**Required action**
An exact copy of all records is expected, minus the images.

**Provided material**
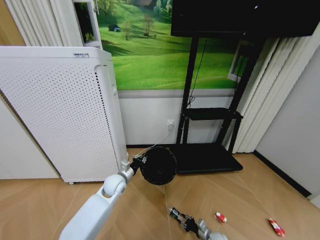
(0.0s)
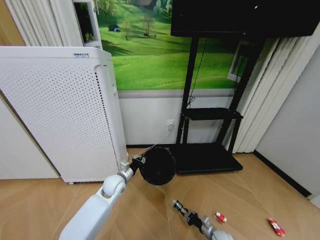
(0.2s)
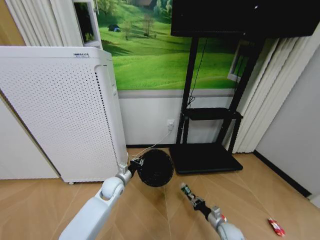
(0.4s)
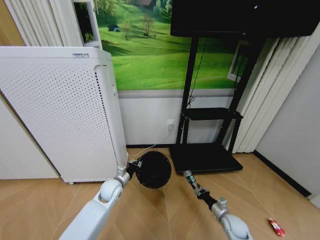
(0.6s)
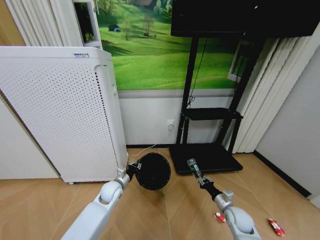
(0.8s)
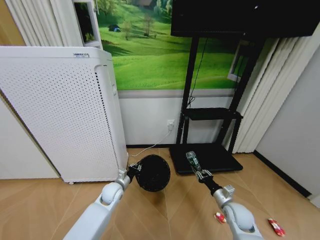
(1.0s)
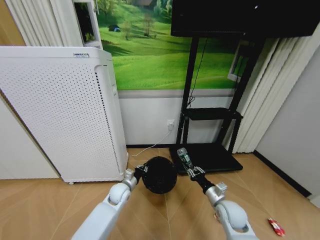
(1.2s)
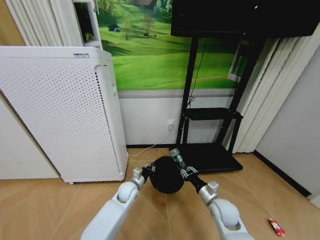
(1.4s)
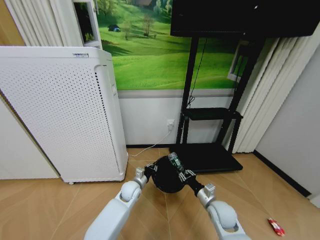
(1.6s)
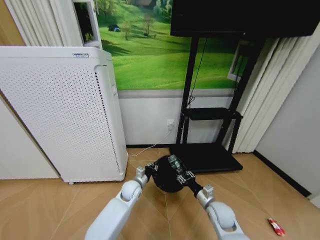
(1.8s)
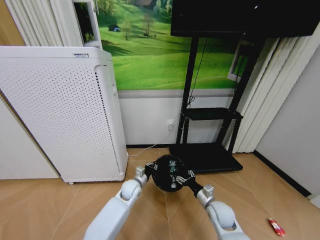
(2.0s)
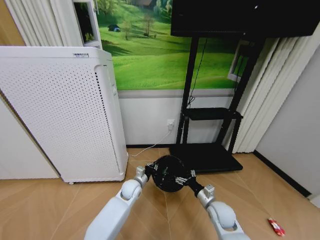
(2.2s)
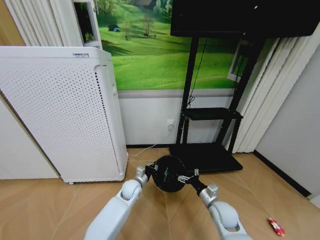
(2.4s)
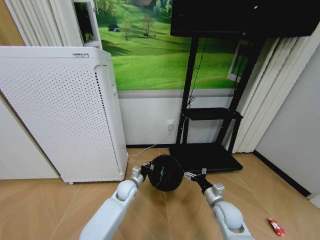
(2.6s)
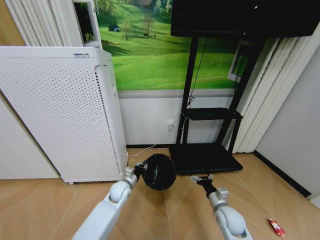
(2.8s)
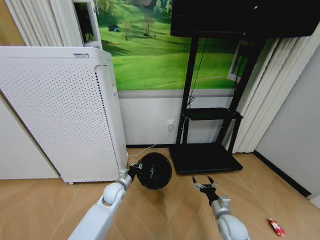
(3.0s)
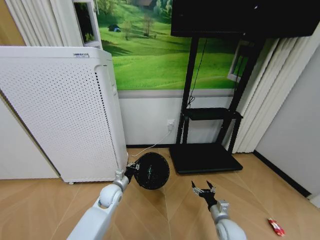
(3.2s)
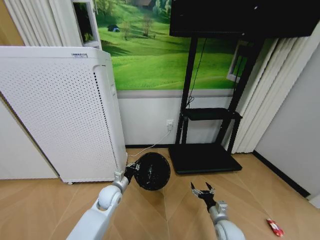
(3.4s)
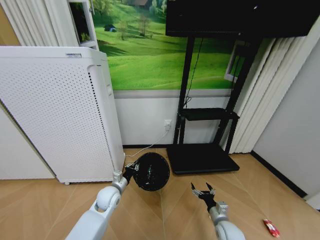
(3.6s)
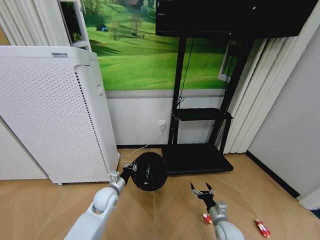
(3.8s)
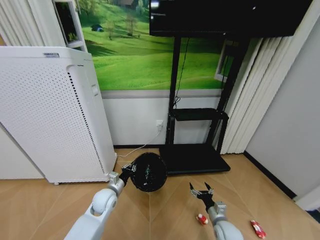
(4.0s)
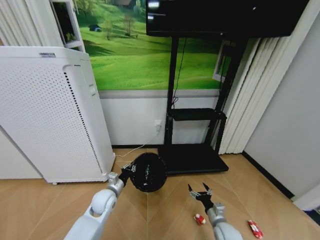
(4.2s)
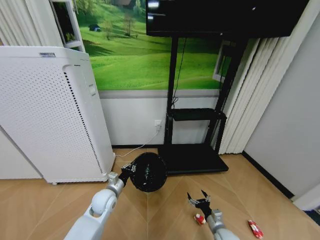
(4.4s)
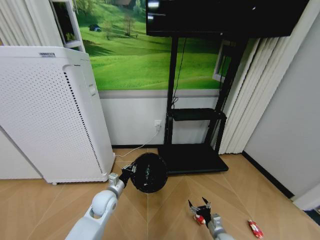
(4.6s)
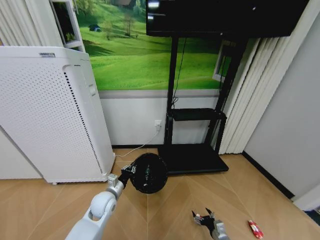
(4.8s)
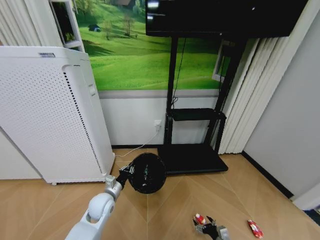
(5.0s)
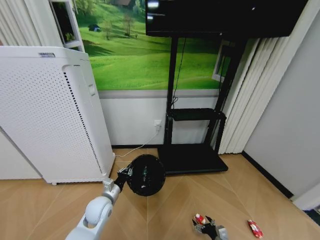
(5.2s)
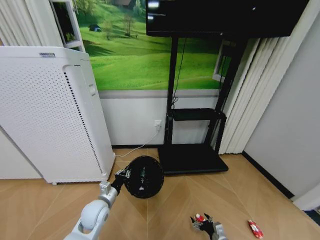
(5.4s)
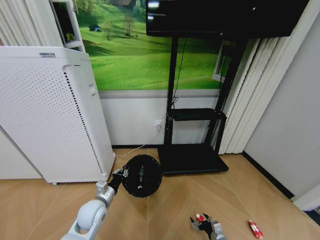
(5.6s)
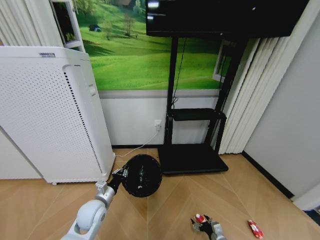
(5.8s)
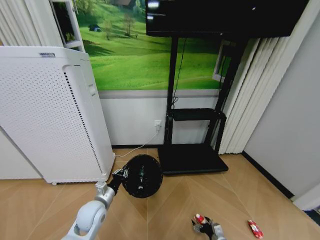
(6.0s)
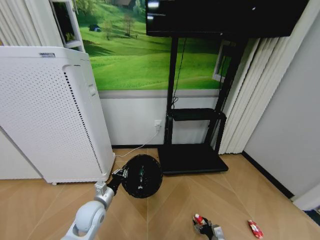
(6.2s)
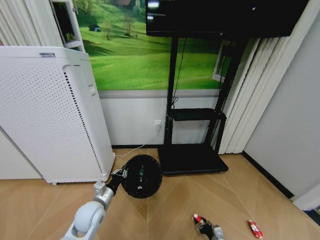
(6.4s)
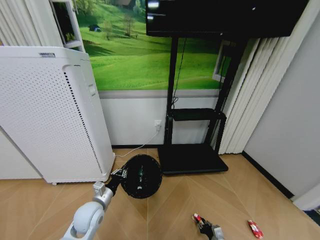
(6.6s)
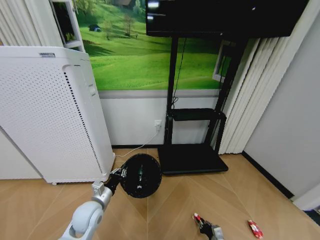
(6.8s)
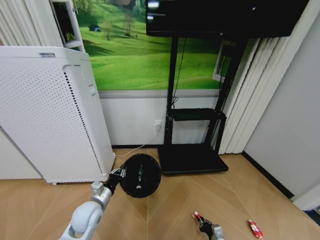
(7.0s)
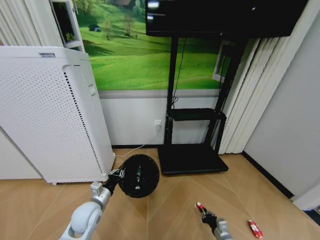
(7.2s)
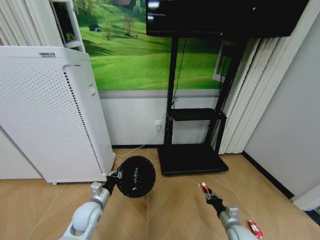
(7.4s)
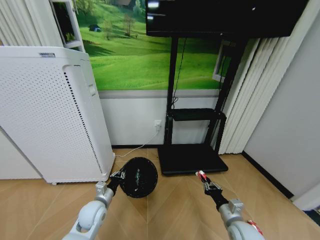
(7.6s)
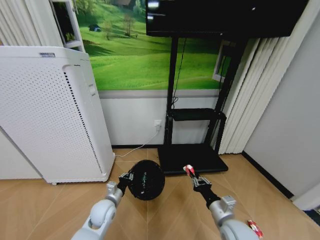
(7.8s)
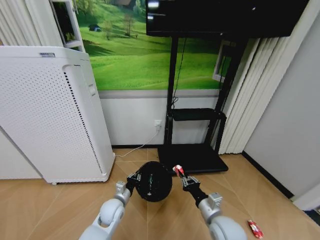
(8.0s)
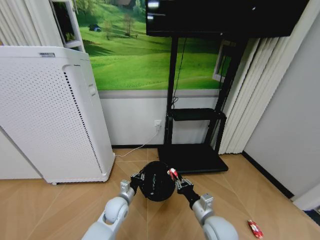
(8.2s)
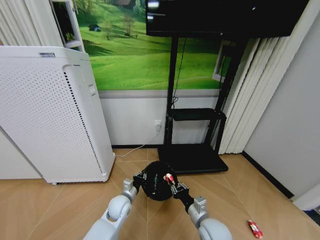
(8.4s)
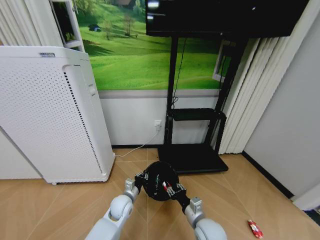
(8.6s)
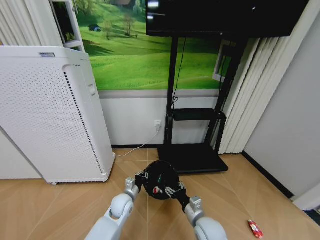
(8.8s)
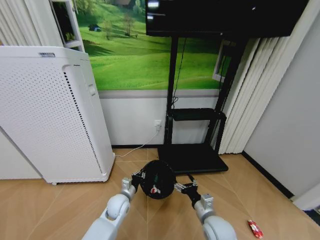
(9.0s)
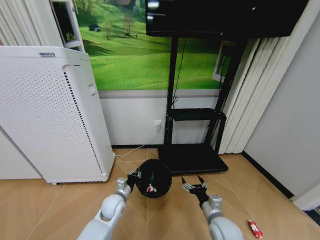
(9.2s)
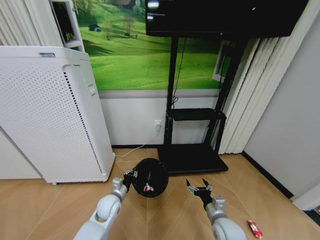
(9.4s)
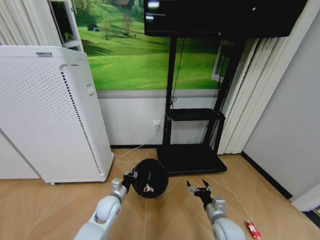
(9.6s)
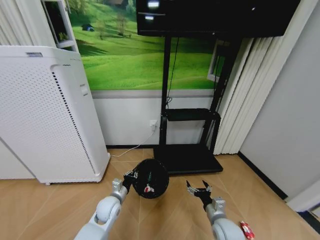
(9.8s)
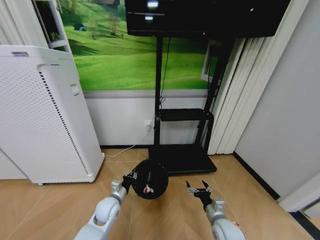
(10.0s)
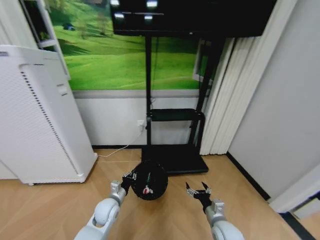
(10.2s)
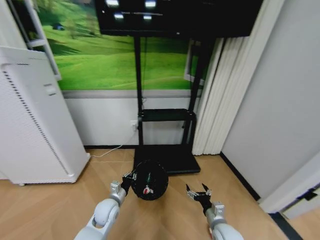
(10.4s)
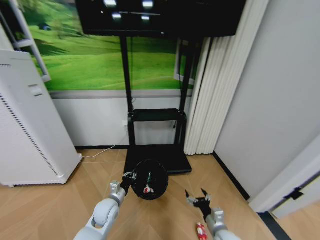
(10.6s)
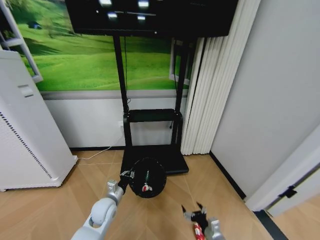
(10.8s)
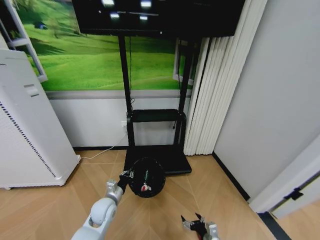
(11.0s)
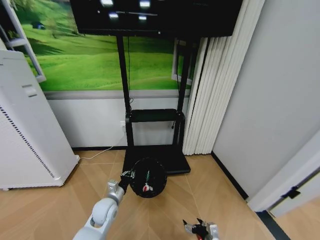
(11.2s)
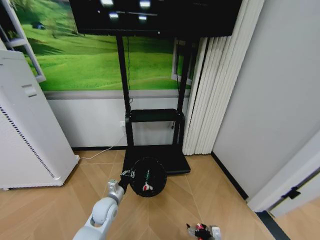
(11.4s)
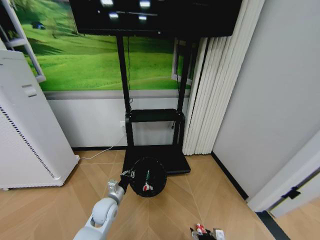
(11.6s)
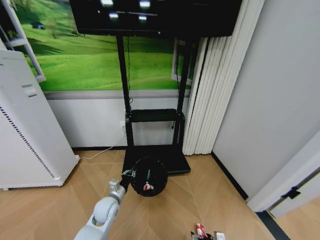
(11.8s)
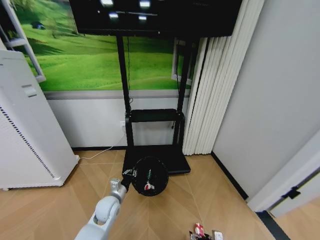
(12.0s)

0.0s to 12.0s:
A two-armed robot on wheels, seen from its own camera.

**Response for this exercise**
(0.0s)
(0.2s)
(0.4s)
(0.6s)
(0.8s)
(1.0s)
(1.2s)
(1.4s)
(1.6s)
(1.8s)
(2.0s)
(2.2s)
(2.4s)
(2.6s)
(2.8s)
(3.0s)
(3.2s)
(3.4s)
(3.6s)
(3.8s)
(4.0s)
(4.2s)
(4.4s)
(4.6s)
(4.8s)
(5.0s)
(5.2s)
(5.4s)
(5.6s)
(5.8s)
(6.0s)
(6.2s)
(6.4s)
(6.6s)
(6.8s)
(7.0s)
(7.2s)
(7.4s)
(7.6s)
(7.8s)
(8.0s)
(8.2s)
(8.4s)
(8.6s)
(8.8s)
(9.0s)
(9.2s)
(9.4s)
(9.6s)
(9.8s)
(10.0s)
(10.2s)
(10.4s)
(10.6s)
(10.8s)
(11.0s)
(11.2s)
(11.4s)
(11.6s)
(11.8s)
(12.0s)

0.0s to 12.0s:
A two-armed robot on wheels, seen from its own camera.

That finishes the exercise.